# SUPPLIED MATERIAL
#####

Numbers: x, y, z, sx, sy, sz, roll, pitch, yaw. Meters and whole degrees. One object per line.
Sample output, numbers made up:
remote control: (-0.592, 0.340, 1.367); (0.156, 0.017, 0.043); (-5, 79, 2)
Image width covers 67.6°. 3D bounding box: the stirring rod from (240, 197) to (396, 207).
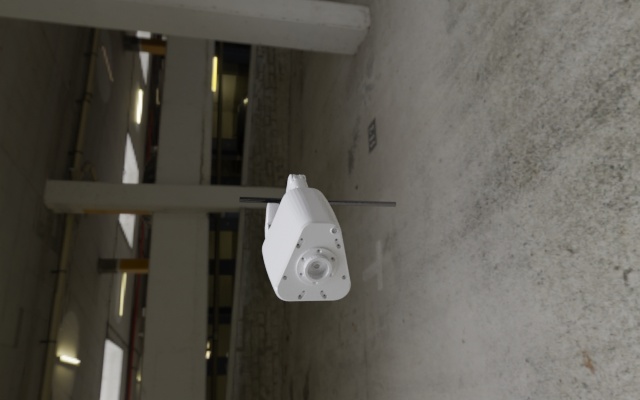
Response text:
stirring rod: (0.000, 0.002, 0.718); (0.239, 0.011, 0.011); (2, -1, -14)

#####

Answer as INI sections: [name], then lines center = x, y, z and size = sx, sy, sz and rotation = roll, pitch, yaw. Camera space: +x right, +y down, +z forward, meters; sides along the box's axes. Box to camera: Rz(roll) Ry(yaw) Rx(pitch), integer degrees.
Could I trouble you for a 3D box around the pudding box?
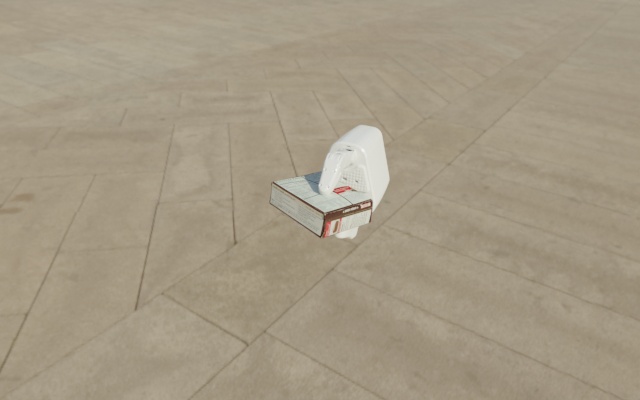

#####

# TRY IT
From the entries above, restate word for word the lines from the line containing "Numbers: x, y, z, sx, sy, sz, roll, pitch, yaw." to the line containing "Image width covers", both ends included, and nothing more.

# TASK RESPONSE
Numbers: x, y, z, sx, sy, sz, roll, pitch, yaw. Meters and whole degrees. One object per line.
Sample output, numbers made up:
remote control: (-0.592, 0.340, 1.367); (0.156, 0.017, 0.043); (-5, 79, 2)
Image width covers 67.6°. 3D bounding box: the stirring rod from (240, 197) to (396, 207).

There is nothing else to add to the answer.